Figure 10a depicts the acquired high speed data during a time span of high frictional losses at 30,338 s. Comparable to the presented high speed data of the start–stop test program, one can observe oscillations resulting from changing local contact conditions dependent on the angular position of the shaft specimen. The system operates in stable conditions and the rotational variations remain constant. The CP yields predominantly values below its maximum leading to a steady increase of $E_{fr}$. Per one rotation, the COF depicts a steady increase until the the first local maximum is reached. Thereafter, the advancing rotation establishes contact conditions, which lead to a reduced COF. Afterwards, the frictional losses rise again towards its overall maximum before the initial starting position is reached again.

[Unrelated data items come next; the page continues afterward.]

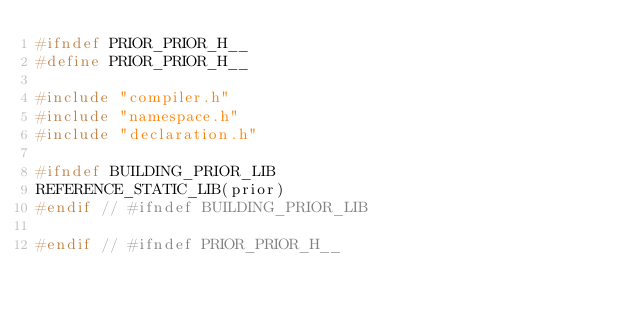Convert code to text. <code><loc_0><loc_0><loc_500><loc_500><_C_>#ifndef PRIOR_PRIOR_H__
#define PRIOR_PRIOR_H__

#include "compiler.h"
#include "namespace.h"
#include "declaration.h"

#ifndef BUILDING_PRIOR_LIB
REFERENCE_STATIC_LIB(prior)
#endif // #ifndef BUILDING_PRIOR_LIB

#endif // #ifndef PRIOR_PRIOR_H__
</code> 
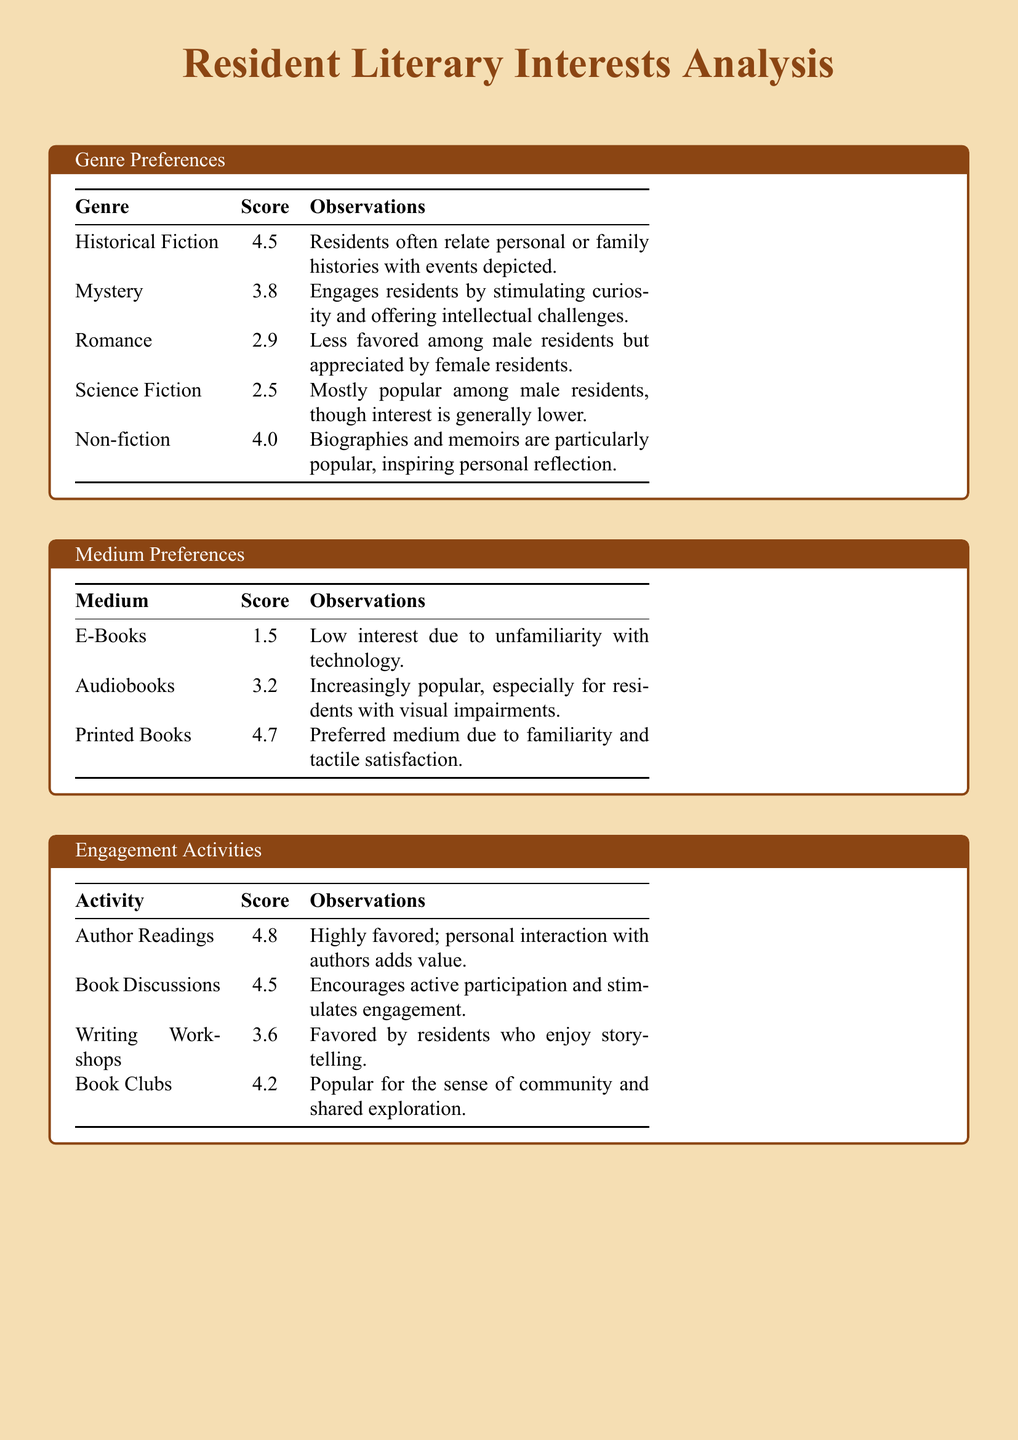What is the highest scored genre? The highest scored genre is Historical Fiction with a score of 4.5.
Answer: Historical Fiction Which medium has the lowest score? The medium with the lowest score is E-Books, scoring 1.5.
Answer: E-Books How popular is Audiobooks based on the score? Audiobooks received a score of 3.2, indicating moderate popularity.
Answer: 3.2 What type of activity received the highest score? The activity that received the highest score is Author Readings with a score of 4.8.
Answer: Author Readings Who is the author with a score of 4.2? The author with a score of 4.2 is Mitch Albom.
Answer: Mitch Albom How does the score for Non-fiction compare to Romance? Non-fiction has a score of 4.0, which is higher than Romance's score of 2.9.
Answer: Higher What is a common observation for Historical Fiction? Residents often relate personal or family histories with events depicted in Historical Fiction.
Answer: Relate personal histories What engagement activity fosters community feel among residents? The engagement activity that fosters a sense of community is Book Clubs, scoring 4.2.
Answer: Book Clubs Are printed books preferred over audiobooks? Yes, printed books have a higher score of 4.7 compared to audiobooks' score of 3.2.
Answer: Yes 
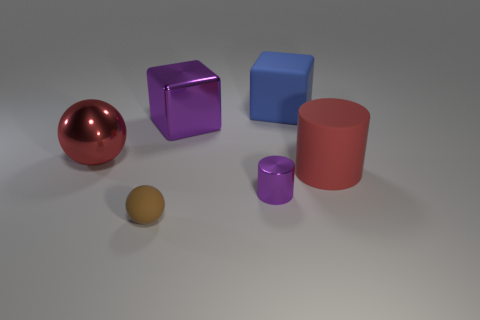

Figure 10b depicts the acquired high speed data starting at 150,760 s, which represents the time of acquisition right before the rapid increase of COF depicted in Figure 9. The frictional losses have decreased due to a constant alignment of surfaces. Nevertheless, operation with a considerable share of asperity contact occur indicated by the drop of the CP, which leads to a steady increase of the frictional energy. Since the frictional losses are reduced due to the aligned surfaces, the resulting $E_{fr}$ is in general reduced in comparison to the acquired high speed data presented in Figure 10c. Concerning the previously mentioned forming of the two peaks per rotation, one can observe that especially the second peak is now reduced while the first remained rather unaffected from operation. Since the frictional losses correlate with the actual position of the shaft, this behaviour suggests the local intense wear of material at the position where the second friction peak occurs while the position where the first peak occurs experienced less alignment. The presented high speed data in Figure 10c depict the data directly acquired after the stepwise increase of the COF and visualize the increased friction losses. Presented data confirm the earlier stated assumption that local conditions are responsible for the change in friction. Of the two characteristic friction peaks, the first is more pronounced while the second vanished. Hence, the position which experienced reduced wear so far is in contact and the contact with the predominantly unworn or less worn surface results in increased frictional losses. Accordingly, the $E_{fr}$ behaves and yields an increased inclination.

3.2. Wear Results

Figure 11 depicts the resulting wear volume dependent on the evaluated frictional energy. Both test strategies fall within a common scatter, which speaks for the universal applicability of the CP based evaluation method. This result appears coherent to the authors since, for a given wear volume, the expended energy must remain the same independent of the type of loading as long as the wear mechanism remains the same. This is taken care of due to the almost identical operation conditions apart from the sliding speed. The wear behaviour of the investigated tribological system can be split into two regimes. Regime 1 represents wear of the top sliding material whereupon regime 2 represents wear of combined mixed lubrication contact of the top sliding material and the subjacent lining material or Ni-layer. Regime 1 exhibits a mean wear intensity C of $1.302\times {10}^{-12}$ m³/J. In regime 2 not only the top sliding material but also the subjacent lining material contribute to the wear behaviour. Since the Cu-matrix of the lining material exhibits a higher hardness than the sliding layer, an increased energetic input is necessary to provoke the same amount of wear. This results in the reduced wear intensity of $1.147\times {10}^{-14}$ m³/J.

3.3. Surface Analysis

An impression of the overall wear process of the top sliding material is given in Figure 12. The asperity peaks of the initially rough surface (outermost parts in Figure 12a) level out due to solid contact with the shaft specimen. This results in a polished shiny smooth surface as depicted in Figure 12a. With advancing wear, the top sliding layer runs through a material transformation, which results in the occurrence of dark zones within the contact pattern. A respective specimen of elevated wear within regime 1 is depicted in Figure 12b. In the last stage of the investigated wear range, the top sliding layer has been completely worn in parts which leads to the emergence of the subjacent lining material (see Figure 12c).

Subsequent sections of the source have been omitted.